Me sumergí en este tema tan amplio, polifacético y desconcertante justo al mismo tiempo en que se estaba produciendo un renacimiento urbano espectacular que traía consigo unos desafíos sin precedentes para el tejido urbano. A principios del siglo XX la ciudad tradicional era un lugar repleto de pesimismo, no de esperanza. La voraz metrópolis industrial aprisionaba a sus habitantes, envenenaba sus cuerpos y sus mentes, provocaba la fractura social. En la segunda mitad del siglo, la respuesta a los horrores de la industrialización alcanzó su punto álgido: todo parecía encaminarse hacia una diáspora más que hacia un proceso de concentración. Las grandes metrópolis mundiales, como Nueva York o Londres, experimentaron un gran descenso en su población. Los automóviles, los teléfonos, los billetes baratos de avión, el flujo ininterrumpido de capital a lo largo y ancho del planeta y, más tarde, internet, nos permitieron expandirnos y deshacer el nudo del centro de la ciudad, tradicionalmente abigarrado y bien atado. ¿Quién necesitaba de redes sociales urbanas teniendo redes sociales virtuales ilimitadas? Los centros de negocios, campus, edificios de oficinas y centros comerciales localizados en las afueras relegaron a un segundo plano los centros de las ciudades, que quedaron así a merced de la delincuencia y el deterioro. Sin embargo, en los últimos años del pasado siglo y las primeras décadas del nuevo milenio se invirtieron por completo las predicciones.

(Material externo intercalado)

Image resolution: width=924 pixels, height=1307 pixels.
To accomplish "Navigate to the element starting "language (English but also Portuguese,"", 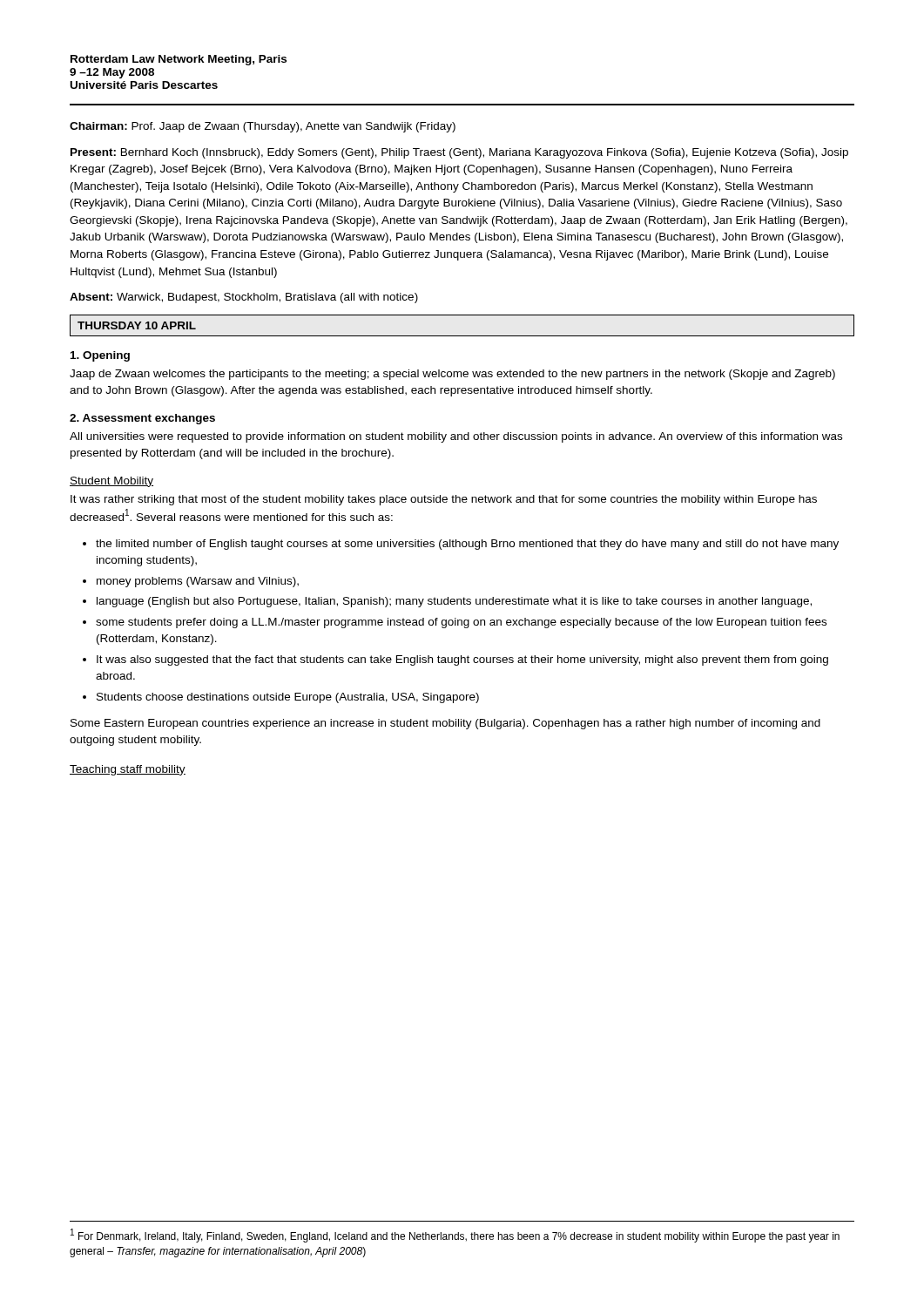I will tap(454, 601).

Este proceso se aprecia especialmente en lugares como China, donde algunas ciudades antiguas y otras de nuevo cuño empezaron a crecer, espoleadas por los más de cuatrocientos cuarenta millones de inmigrantes procedentes del medio rural que no han dejado de afluir a lo largo de tres décadas y por la fiebre constructora de rascacielos. Las ciudades recuperaron en todo el mundo su lugar central en la economía. Más que contribuir a la diáspora, la economía del conocimiento y las comunicaciones ultrarrápidas fueron un acicate, y las grandes compañías, los pequeños negocios, las empresas emergentes y los trabajadores autónomos acudieron volando como las abejas de una colmena. Las innovaciones artísticas y tecnológicas suceden cuando los expertos se agrupan: los seres humanos progresan cuando comparten el conocimiento y colaboran y compiten cara a cara —en particular, en lugares que facilitan el flujo de información—. Las ciudades que antaño atrajeron a las grandes empresas de manufacturas o manejaron parte del mercado mundial compiten hoy en día por las mentes más brillantes.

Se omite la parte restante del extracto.